Pose Estimation Results on KITTI Odometry.

While we mainly concentrated on better depth estimation, we also compared our pose networks with competing methods on the KITTI odometry dataset since the two tasks are inter-dependent. The KITTI odometry dataset contains 11 driving sequences with ground-truth poses available (and 11 sequences without ground-truth). We evaluated the pose error on sequences 09 and 10. Competing methods typically feed more frames to their pose network for improving their performance. We had observed that with the joint optical flow learning, the result of visual odometry would be improved. We measured the Absolute Trajectory Error (ATE) over N-frame snippets (N = 3 or 5), as measured in [10]. As showed in Table 2, our method outperformed other state-of-the-art approaches.

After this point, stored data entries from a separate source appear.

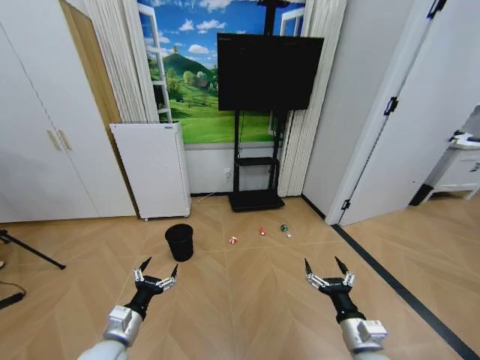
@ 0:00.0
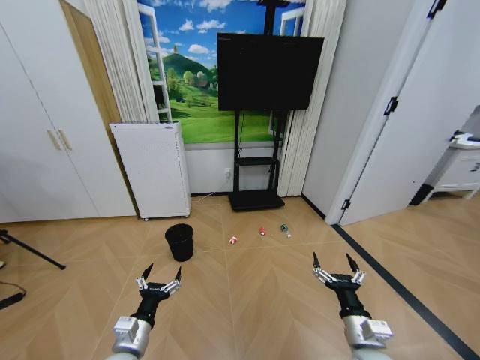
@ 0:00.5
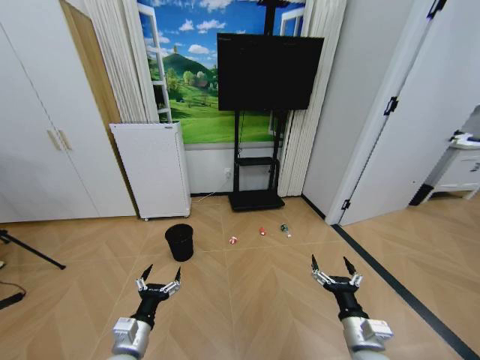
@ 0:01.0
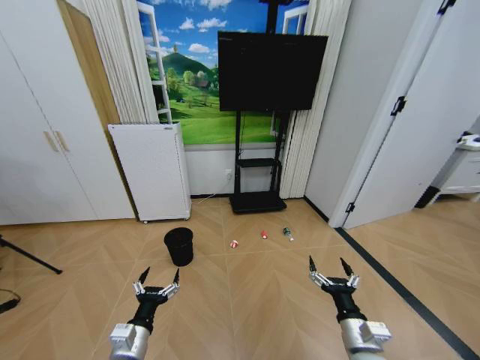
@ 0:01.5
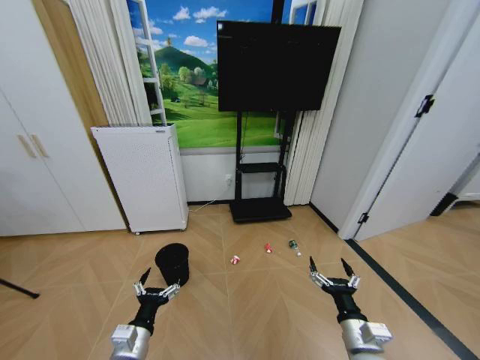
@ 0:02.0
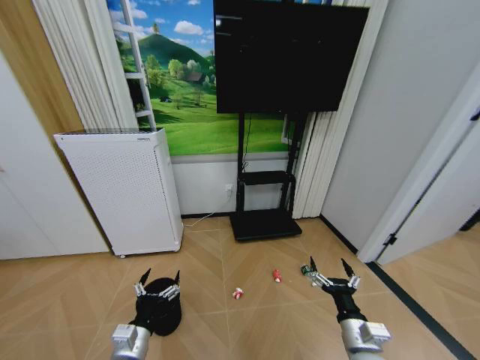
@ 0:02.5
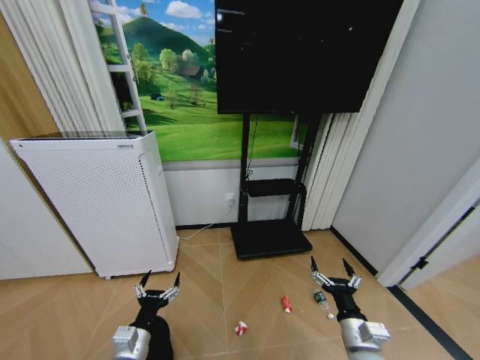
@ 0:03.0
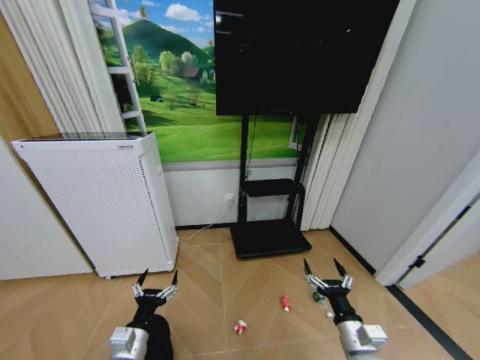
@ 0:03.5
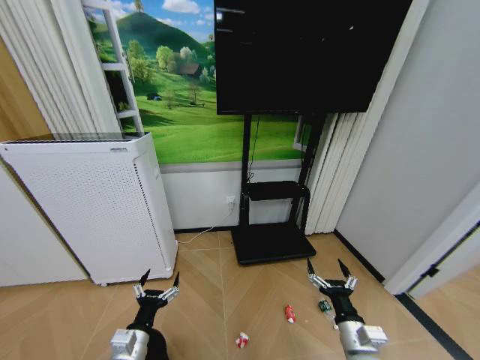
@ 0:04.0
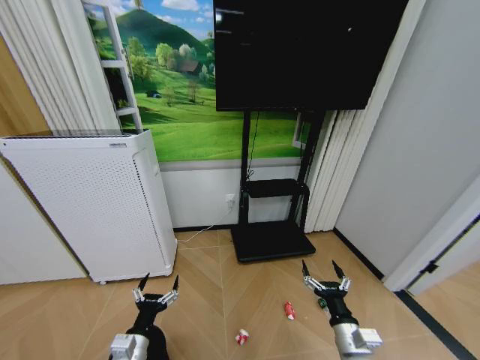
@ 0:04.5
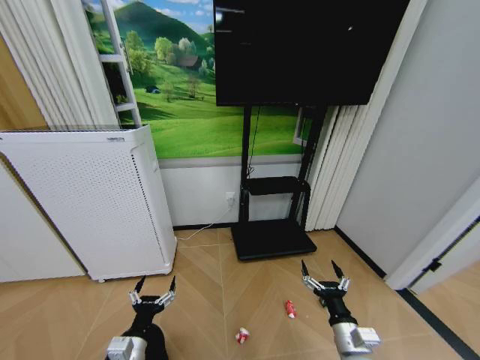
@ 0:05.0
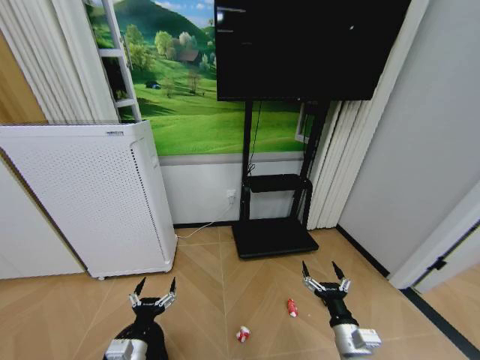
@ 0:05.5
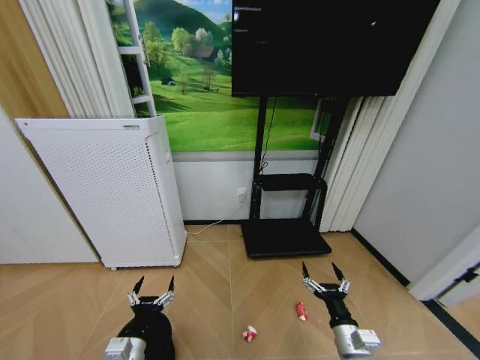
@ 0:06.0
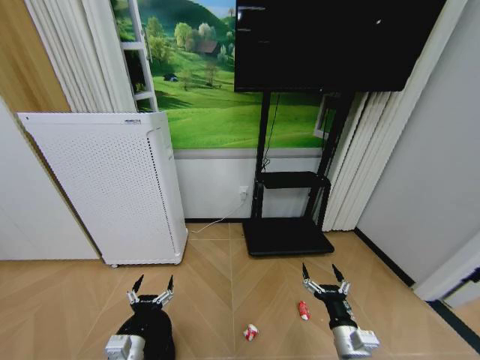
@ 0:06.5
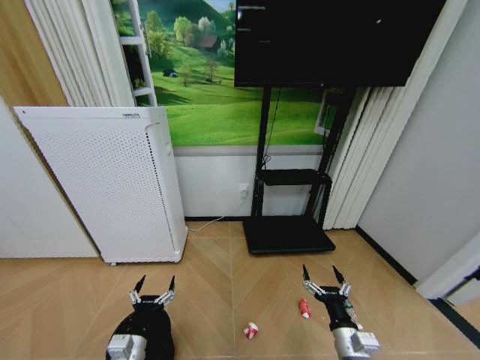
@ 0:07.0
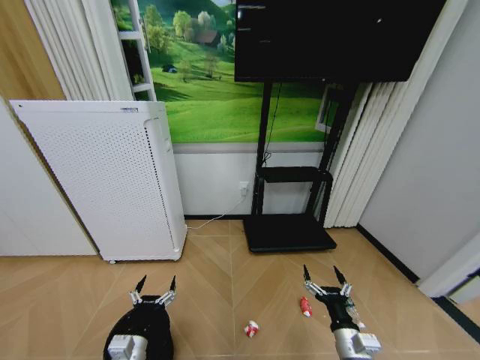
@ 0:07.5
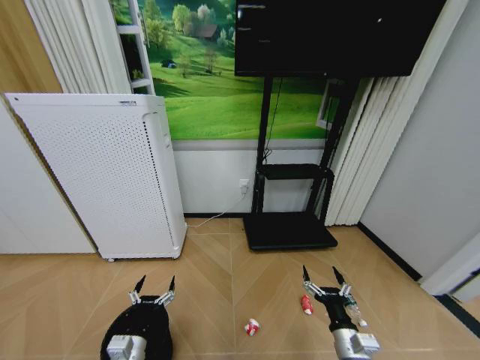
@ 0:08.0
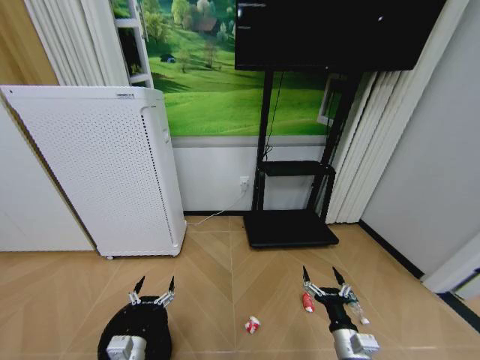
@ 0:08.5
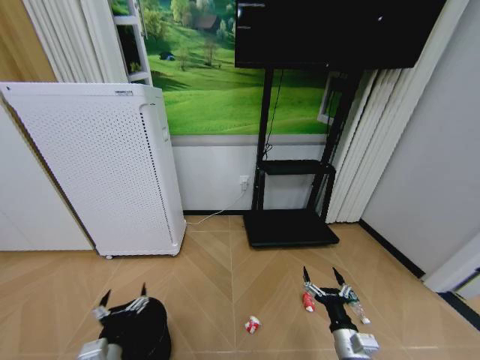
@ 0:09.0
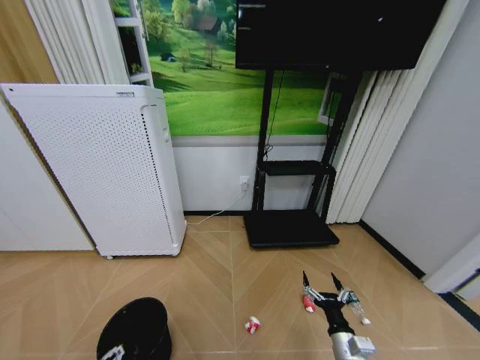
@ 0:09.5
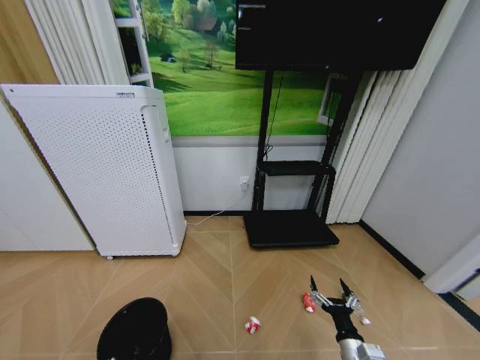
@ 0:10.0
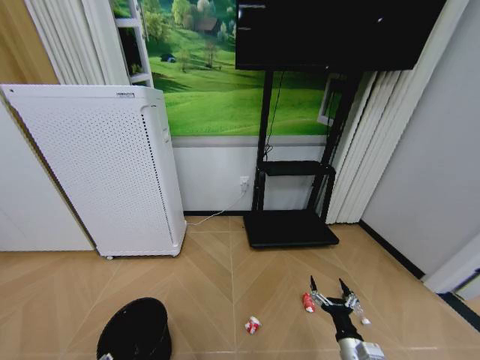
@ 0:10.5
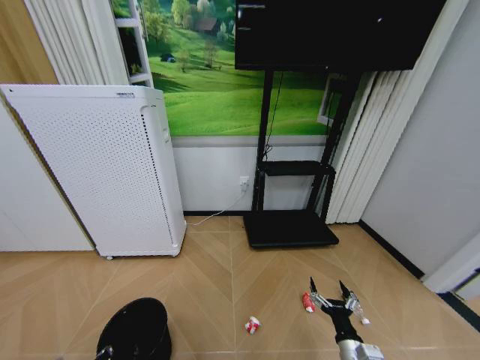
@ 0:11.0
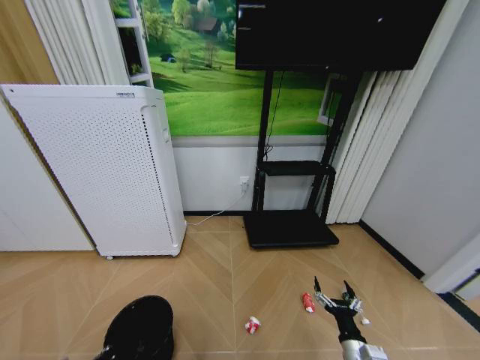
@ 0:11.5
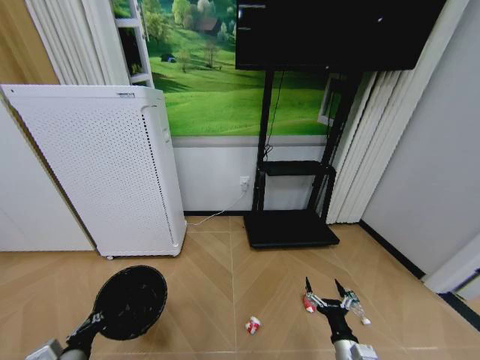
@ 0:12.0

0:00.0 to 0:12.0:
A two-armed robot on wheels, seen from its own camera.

Table 3. Ablation studies. Results for different variants of our model trained on KITTI 2015 [8] using the Eigen split.

4.3 Ablation Studies

To verify how each component of our model contributed to the overall performance, we performed ablation studies by changing various components of our model based on and listed the results in Table 3. The study was performed on the Eigen split for better comparison. We see that each component of our model could promote the estimation performance of the baseline model [10], and all our components combined lead to a significant improvement. As expected, integrating stereo information into a monocular model could increase accuracy.

Benefits of the cascaded structure by cycle learning strategy for depth estimation.

We also compared our only depth estimation model with the jointly depth-pose and TVNet learning framework with zero initialization. Our method performed better than the model that simply jointed training three networks together on the KITTI Eigen split dataset. We further verified that the cycle learning could address the mismatching problem which could be reflected by the end-to-end point error.

Effect of the weighted semantic guided smoothness loss.

We saw that the weighted semantic guided smoothness loss could not only achieve improvement of the quantitative results than the edge-aware first order smooth loss and the second-order smooth loss, the qualified results could also be better improved. Semantic information could improve depth estimation in all cases.

More specifically, we applied the exact network architecture of Godard et al. [9] that predicted the disparity maps for stereo views from a monocular image by randomly using the left or right view as input instead of only using the left image as input, which would solve the problem of unawareness of structural information from the other view, and promoted the depth and pose estimation.

5 Conclusions

In this paper, we have presented a self-supervised semantic and optical flow-guided depth-pose learning pipeline from stereo sequences with an unknown stereo pose. This framework takes full advantage of the constraints on the unlabeled stereo and temporal image pairs by predicting stereo disparity maps from a monocular image. Furthermore, we import the explainable TVNet into the self-supervised depth-pose learning and construct a cascaded structure with a cycle learning strategy for better depth-pose and optical flow learning. Finally, we propose a weighted semantic guided smoothness loss to treat the foreground objects and background region differently for predicting more natural and reasonable depth maps. Experiments show that our method can exceed the existing self-supervised method, and can generalize well to the unseen dataset.